§ Exercise details: Output, exactly as written, the lines below starting at the line containing "text SCHENKER, L." and ending at the line containing "text Ο Ωφελούμενος". Drop the pictures and keep both end lines.

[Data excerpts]
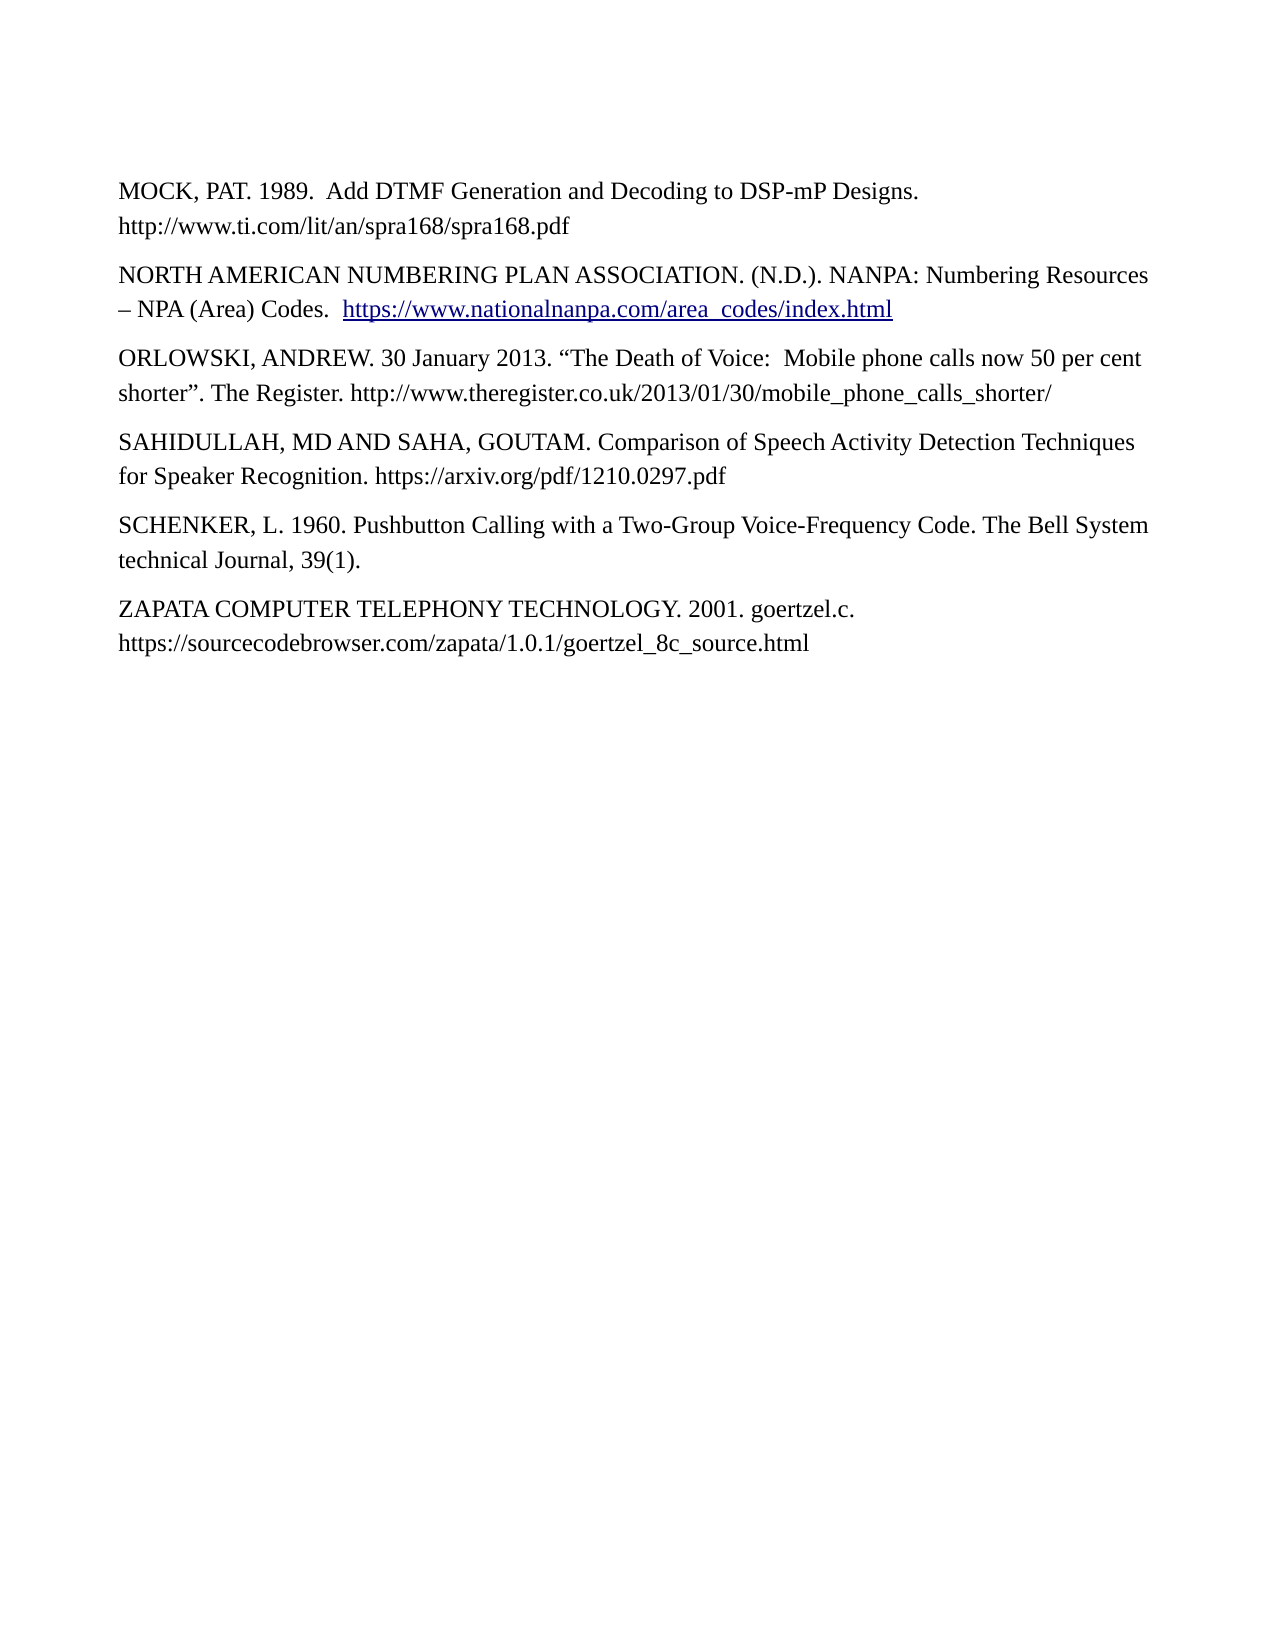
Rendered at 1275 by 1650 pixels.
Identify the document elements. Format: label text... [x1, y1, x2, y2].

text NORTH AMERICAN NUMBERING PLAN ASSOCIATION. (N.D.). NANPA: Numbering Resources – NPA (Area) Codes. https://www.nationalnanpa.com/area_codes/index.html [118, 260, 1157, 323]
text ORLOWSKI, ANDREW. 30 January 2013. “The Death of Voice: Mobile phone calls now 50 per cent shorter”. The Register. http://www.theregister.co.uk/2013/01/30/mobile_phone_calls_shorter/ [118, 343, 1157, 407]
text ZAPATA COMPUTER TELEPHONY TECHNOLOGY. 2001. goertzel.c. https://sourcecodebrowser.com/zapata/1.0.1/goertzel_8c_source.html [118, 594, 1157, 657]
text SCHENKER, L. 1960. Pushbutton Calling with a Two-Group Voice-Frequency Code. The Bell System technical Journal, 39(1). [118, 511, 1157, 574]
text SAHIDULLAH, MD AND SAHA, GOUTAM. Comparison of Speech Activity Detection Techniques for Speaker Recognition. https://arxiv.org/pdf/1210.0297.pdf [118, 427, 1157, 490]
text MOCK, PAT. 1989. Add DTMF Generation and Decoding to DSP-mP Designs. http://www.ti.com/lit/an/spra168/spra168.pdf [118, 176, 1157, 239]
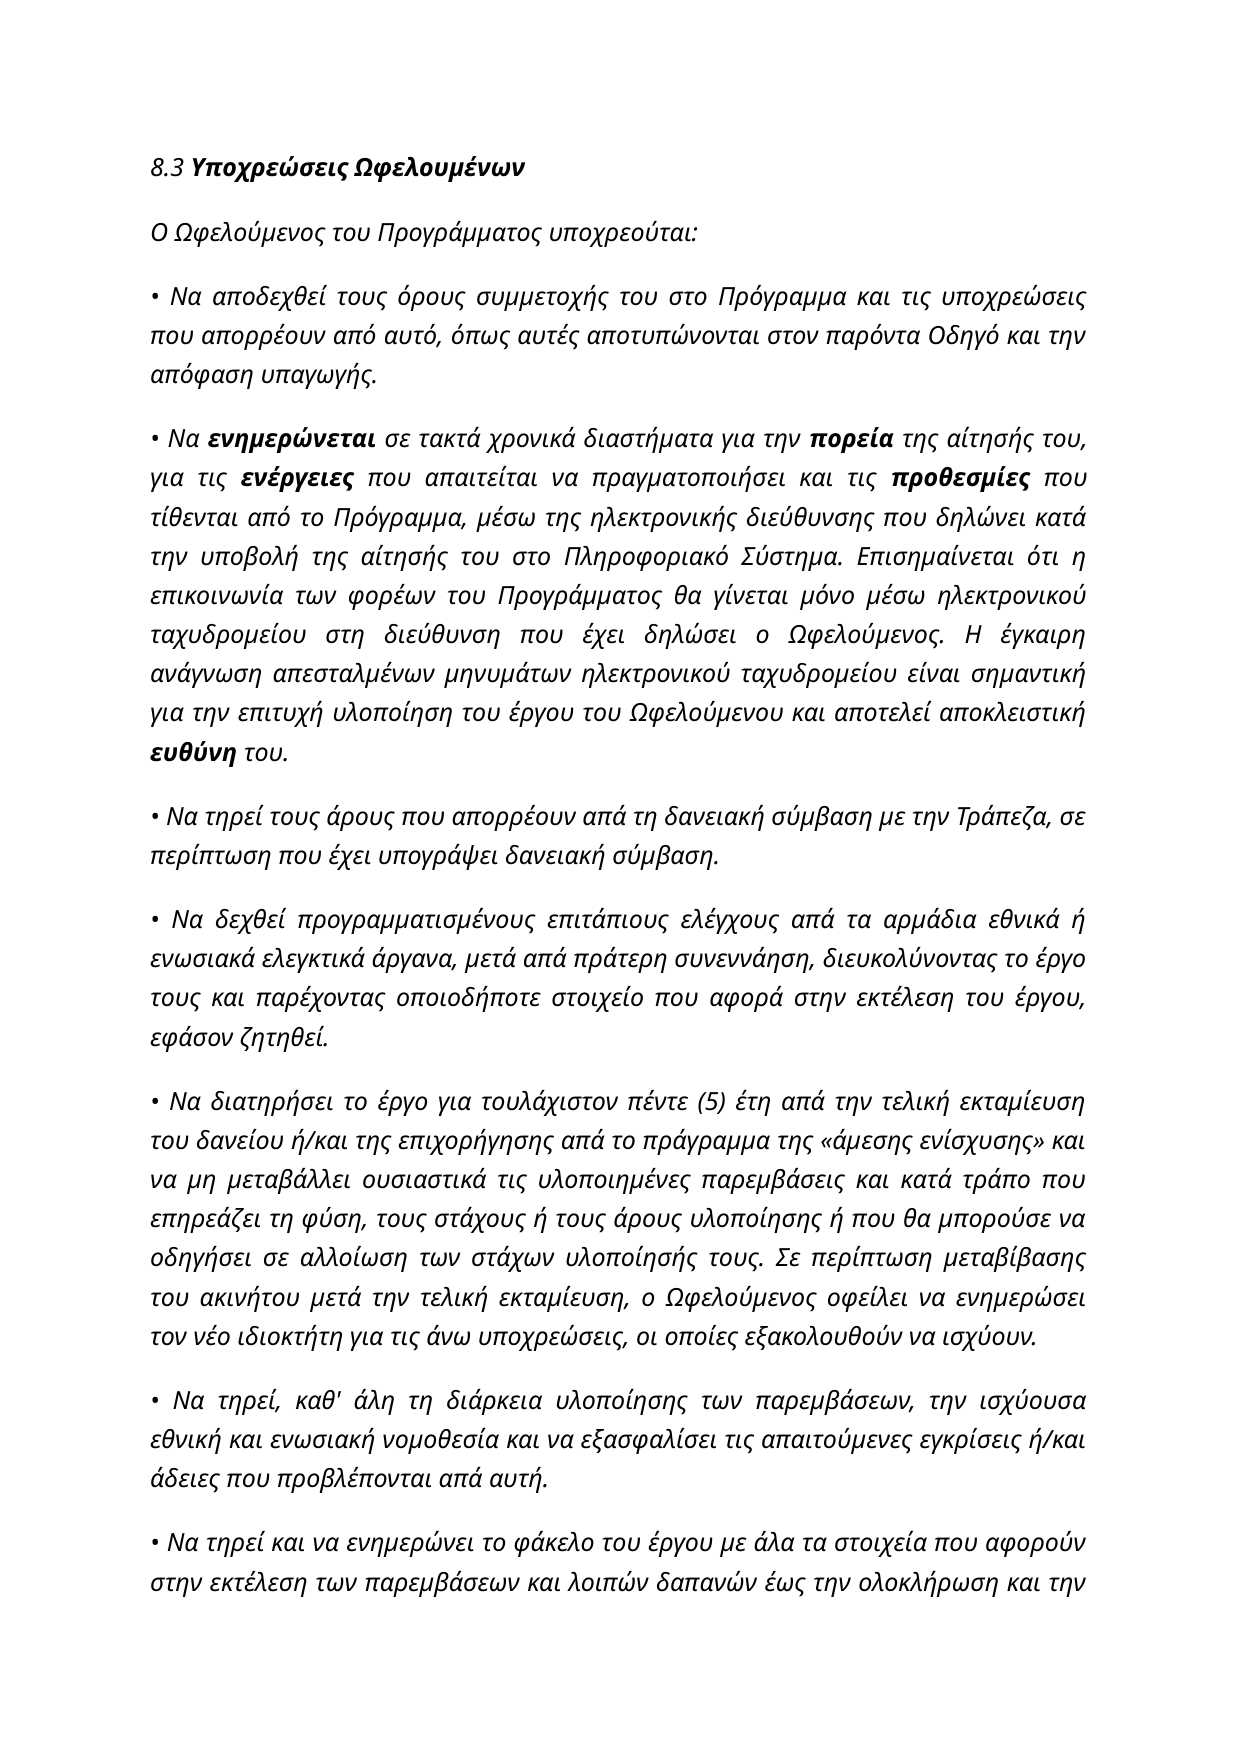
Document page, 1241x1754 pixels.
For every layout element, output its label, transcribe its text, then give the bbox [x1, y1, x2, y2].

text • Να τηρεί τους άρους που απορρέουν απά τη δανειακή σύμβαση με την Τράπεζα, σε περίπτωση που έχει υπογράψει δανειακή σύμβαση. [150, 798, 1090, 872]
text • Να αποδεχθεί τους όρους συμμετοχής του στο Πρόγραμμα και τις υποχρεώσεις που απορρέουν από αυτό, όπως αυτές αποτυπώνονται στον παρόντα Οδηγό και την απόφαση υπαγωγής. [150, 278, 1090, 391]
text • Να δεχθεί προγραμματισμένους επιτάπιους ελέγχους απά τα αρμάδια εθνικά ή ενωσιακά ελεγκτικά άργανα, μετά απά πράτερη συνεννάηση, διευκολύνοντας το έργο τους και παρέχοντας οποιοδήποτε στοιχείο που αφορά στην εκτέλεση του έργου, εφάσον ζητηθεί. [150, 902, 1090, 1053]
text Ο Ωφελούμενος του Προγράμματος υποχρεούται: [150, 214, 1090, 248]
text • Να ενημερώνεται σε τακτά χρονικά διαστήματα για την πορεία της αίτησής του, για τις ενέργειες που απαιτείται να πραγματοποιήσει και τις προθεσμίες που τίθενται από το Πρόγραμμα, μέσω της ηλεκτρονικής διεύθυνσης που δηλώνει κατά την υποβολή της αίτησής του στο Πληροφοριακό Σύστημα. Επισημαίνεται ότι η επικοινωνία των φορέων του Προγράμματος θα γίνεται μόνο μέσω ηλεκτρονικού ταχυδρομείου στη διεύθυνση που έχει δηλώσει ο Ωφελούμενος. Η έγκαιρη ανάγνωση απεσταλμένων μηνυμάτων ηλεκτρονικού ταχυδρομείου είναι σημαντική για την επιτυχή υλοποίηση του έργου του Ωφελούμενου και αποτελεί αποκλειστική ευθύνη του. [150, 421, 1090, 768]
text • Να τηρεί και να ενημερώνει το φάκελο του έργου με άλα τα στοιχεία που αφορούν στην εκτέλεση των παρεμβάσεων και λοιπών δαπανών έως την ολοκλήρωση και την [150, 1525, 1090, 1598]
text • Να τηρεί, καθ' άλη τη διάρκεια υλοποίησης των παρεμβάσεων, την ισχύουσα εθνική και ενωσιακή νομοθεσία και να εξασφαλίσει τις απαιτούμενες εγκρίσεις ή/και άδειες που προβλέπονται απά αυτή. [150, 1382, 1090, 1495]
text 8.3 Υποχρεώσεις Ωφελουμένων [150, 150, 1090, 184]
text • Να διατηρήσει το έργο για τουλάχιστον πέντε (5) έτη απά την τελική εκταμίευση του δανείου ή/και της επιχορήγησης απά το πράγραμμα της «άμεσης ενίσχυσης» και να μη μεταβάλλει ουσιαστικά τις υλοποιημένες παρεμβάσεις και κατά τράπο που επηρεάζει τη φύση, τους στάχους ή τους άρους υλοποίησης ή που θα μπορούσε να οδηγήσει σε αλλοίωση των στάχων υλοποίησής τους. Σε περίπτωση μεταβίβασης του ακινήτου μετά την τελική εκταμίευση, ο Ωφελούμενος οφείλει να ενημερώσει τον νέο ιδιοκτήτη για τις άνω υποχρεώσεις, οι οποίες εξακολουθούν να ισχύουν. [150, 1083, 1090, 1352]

§ Task solution:
text SCHENKER, L. 1960. Pushbutton Calling with a Two-Group Voice-Frequency Code. The Bell System technical Journal, 39(1). [118, 511, 1157, 574]
text SAHIDULLAH, MD AND SAHA, GOUTAM. Comparison of Speech Activity Detection Techniques for Speaker Recognition. https://arxiv.org/pdf/1210.0297.pdf [118, 427, 1157, 490]
text MOCK, PAT. 1989. Add DTMF Generation and Decoding to DSP-mP Designs. http://www.ti.com/lit/an/spra168/spra168.pdf [118, 176, 1157, 239]
Document page, 1241x1754 pixels.
For every layout element, output its label, transcribe its text, then give the bbox [x1, y1, x2, y2].

text • Να τηρεί τους άρους που απορρέουν απά τη δανειακή σύμβαση με την Τράπεζα, σε περίπτωση που έχει υπογράψει δανειακή σύμβαση. [150, 798, 1090, 872]
text • Να αποδεχθεί τους όρους συμμετοχής του στο Πρόγραμμα και τις υποχρεώσεις που απορρέουν από αυτό, όπως αυτές αποτυπώνονται στον παρόντα Οδηγό και την απόφαση υπαγωγής. [150, 278, 1090, 391]
text • Να δεχθεί προγραμματισμένους επιτάπιους ελέγχους απά τα αρμάδια εθνικά ή ενωσιακά ελεγκτικά άργανα, μετά απά πράτερη συνεννάηση, διευκολύνοντας το έργο τους και παρέχοντας οποιοδήποτε στοιχείο που αφορά στην εκτέλεση του έργου, εφάσον ζητηθεί. [150, 902, 1090, 1053]
text Ο Ωφελούμενος του Προγράμματος υποχρεούται: [150, 214, 1090, 248]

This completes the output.